Accor's Robust 2022 Invigorates Bet on Local Hybrid Hospitality
25.08.2023 - 14:03
/ skift.com
/ Sean Oneill
/ Sébastien Bazin
Executives at Accor, Europe’s largest hotel operator with about 5,445 hotels worldwide, envy how U.S.-based hotel operators have consolidated North America. But they argue they have a better sense of the ground game for hospitality in the rest of the world.
Accor’s executives believe that, as the Americans go abroad for growth, they’ll find it hard to compete against Accor’s local footprints, its broader array of more than 40 brands (including Sofitel, Hoxton, and Ibis), and its operational models that they say will be more appealing to local investors.
Accor executives appeared buoyed in their beliefs by their 2022 financial results, released on Thursday, which were slightly better than the year before the pandemic.
In 2022, the Paris-based group generated a net profit of $427 million (€402 million) on revenue of about $4.47 billion (€4.2 billion).
The performance was driven by Accor charging high room rates that, in the second half of the year, were up 12 percent from the pre-crisis level in nearly all regions except for pandemic-plagued China.
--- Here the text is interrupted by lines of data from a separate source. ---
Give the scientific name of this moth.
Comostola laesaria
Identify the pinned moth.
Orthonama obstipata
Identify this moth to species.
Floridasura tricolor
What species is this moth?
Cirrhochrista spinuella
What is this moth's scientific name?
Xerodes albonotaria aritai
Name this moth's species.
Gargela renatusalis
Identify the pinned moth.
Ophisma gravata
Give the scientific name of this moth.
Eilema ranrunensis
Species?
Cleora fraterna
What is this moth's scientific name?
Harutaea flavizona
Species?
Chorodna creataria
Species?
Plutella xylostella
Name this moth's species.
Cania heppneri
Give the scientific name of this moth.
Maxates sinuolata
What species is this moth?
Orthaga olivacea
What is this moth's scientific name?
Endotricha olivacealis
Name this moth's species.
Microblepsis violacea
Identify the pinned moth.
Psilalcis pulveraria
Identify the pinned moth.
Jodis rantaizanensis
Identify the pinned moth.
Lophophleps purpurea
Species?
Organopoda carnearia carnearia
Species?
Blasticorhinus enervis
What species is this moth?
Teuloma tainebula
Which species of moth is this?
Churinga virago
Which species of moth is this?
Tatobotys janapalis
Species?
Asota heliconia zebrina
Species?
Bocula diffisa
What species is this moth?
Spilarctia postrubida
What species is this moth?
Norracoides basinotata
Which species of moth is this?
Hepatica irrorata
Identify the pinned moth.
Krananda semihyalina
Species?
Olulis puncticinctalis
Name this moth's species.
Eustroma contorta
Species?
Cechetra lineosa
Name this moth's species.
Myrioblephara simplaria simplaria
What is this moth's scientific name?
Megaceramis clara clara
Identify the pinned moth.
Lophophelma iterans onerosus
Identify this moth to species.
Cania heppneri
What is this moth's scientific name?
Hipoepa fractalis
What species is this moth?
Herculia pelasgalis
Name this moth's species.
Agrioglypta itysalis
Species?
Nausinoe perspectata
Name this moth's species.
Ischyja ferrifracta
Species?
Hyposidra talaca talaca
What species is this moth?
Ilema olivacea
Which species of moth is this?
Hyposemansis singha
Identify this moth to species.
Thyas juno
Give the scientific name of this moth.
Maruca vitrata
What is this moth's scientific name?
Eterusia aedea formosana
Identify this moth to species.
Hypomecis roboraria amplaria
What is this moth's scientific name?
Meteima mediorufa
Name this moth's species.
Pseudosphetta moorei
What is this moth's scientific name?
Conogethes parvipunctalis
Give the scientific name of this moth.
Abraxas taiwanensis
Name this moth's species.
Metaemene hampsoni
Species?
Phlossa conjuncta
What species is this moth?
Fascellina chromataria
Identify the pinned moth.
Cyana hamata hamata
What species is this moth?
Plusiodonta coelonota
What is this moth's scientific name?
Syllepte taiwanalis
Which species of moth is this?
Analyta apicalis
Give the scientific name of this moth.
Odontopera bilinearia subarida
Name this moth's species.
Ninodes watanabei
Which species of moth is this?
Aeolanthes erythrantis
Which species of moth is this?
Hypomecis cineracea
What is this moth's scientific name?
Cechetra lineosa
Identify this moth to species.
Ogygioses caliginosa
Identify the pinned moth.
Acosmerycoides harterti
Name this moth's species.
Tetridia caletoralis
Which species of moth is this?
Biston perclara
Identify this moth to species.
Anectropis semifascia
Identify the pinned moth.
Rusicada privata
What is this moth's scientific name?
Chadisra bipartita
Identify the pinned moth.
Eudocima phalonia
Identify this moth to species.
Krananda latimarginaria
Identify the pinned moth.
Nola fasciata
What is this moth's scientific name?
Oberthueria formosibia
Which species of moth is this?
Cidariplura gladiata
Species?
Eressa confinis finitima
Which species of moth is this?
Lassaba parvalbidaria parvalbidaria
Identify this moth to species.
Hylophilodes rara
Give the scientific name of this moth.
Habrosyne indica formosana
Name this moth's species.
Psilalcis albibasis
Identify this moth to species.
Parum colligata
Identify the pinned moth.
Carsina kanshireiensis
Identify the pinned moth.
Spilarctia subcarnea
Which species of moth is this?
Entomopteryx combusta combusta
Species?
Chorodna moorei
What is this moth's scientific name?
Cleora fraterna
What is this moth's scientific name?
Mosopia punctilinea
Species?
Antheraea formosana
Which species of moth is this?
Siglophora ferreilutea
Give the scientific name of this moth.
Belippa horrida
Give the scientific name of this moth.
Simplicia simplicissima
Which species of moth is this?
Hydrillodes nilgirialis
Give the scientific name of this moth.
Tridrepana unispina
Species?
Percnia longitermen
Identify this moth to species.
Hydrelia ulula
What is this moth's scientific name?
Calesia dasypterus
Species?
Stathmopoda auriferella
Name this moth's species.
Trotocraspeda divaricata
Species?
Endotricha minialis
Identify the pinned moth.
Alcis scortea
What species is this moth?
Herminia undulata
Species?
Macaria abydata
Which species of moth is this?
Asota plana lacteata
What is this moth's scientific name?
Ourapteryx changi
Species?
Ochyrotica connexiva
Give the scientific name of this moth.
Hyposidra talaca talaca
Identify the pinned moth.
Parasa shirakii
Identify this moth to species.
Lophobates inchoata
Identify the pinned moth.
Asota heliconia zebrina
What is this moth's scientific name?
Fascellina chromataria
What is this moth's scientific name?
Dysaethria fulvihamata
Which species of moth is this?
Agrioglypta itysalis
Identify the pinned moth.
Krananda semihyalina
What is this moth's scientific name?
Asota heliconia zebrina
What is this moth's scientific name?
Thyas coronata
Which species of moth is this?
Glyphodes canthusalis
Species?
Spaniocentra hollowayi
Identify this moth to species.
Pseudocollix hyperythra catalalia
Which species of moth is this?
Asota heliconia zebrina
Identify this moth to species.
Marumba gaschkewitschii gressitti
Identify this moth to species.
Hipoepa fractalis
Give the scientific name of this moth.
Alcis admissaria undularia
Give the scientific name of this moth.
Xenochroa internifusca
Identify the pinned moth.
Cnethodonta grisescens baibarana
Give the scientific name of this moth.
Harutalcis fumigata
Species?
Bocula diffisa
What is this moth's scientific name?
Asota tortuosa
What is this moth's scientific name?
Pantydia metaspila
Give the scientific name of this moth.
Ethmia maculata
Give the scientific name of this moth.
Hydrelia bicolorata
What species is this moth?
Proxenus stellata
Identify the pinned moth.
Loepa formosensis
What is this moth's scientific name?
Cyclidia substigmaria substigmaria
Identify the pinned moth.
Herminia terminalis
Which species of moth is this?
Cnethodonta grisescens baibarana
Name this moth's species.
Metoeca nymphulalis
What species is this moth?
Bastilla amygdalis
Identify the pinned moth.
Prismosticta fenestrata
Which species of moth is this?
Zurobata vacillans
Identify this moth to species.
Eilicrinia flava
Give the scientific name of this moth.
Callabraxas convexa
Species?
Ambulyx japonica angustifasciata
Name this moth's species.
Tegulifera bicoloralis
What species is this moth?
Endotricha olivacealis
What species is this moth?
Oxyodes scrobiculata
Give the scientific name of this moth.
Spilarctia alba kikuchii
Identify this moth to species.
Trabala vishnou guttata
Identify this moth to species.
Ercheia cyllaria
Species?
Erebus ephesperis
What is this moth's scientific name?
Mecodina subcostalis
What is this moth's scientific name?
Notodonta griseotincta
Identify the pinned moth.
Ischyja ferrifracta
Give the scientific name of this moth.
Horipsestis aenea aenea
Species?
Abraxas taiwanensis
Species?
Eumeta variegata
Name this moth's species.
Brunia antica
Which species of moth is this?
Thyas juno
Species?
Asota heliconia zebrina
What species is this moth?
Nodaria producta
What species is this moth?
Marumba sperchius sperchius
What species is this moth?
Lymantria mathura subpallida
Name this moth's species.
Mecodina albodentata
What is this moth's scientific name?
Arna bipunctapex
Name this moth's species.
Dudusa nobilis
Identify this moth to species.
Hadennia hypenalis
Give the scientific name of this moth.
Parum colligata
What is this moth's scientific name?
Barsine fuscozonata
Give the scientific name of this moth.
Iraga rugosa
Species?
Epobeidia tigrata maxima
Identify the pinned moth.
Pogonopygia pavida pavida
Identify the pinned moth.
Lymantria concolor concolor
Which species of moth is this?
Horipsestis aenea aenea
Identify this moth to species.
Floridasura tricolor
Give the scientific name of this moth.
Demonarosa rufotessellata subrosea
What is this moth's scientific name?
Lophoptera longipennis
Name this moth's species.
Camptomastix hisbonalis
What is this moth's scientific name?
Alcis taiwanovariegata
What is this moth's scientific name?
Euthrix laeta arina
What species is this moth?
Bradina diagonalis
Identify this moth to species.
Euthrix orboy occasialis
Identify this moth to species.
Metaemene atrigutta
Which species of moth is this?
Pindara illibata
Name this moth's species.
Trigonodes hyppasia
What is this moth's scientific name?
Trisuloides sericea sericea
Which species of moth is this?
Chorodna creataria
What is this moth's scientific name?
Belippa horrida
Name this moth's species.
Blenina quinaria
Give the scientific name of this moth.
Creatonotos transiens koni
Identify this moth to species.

Revenue was up 4 percent on the pre-crisis level. Rising costs weighed on profit, however. Profit was 13 percent lower than in 2019.
Accor’s management forecasted the company’s rebound would continue in 2023, with full-year revenue per available room — a key industry metric — expected to rise between 5 and 9 percent versus 2022’s level. The company is counting on a revival in international business travel — which were 13 percent below 2019 levels — thanks to China’s reopening.
In 2022, Accor generated $716 million (€675 million) in earnings before interest, taxes, depreciation, and amortization — a measure of profit. That came in above the management’s guidance.
“I’m extremely admiring of the robustness and size and profitability of the U.S. market for hotels,” said Sébastien Bazin, chairman and CEO, in an interview on company strategy before the company released its earnings. “It bounced back [from the pandemic] a year before [Accor], and the margins are better because they control the pricing and are great managers.”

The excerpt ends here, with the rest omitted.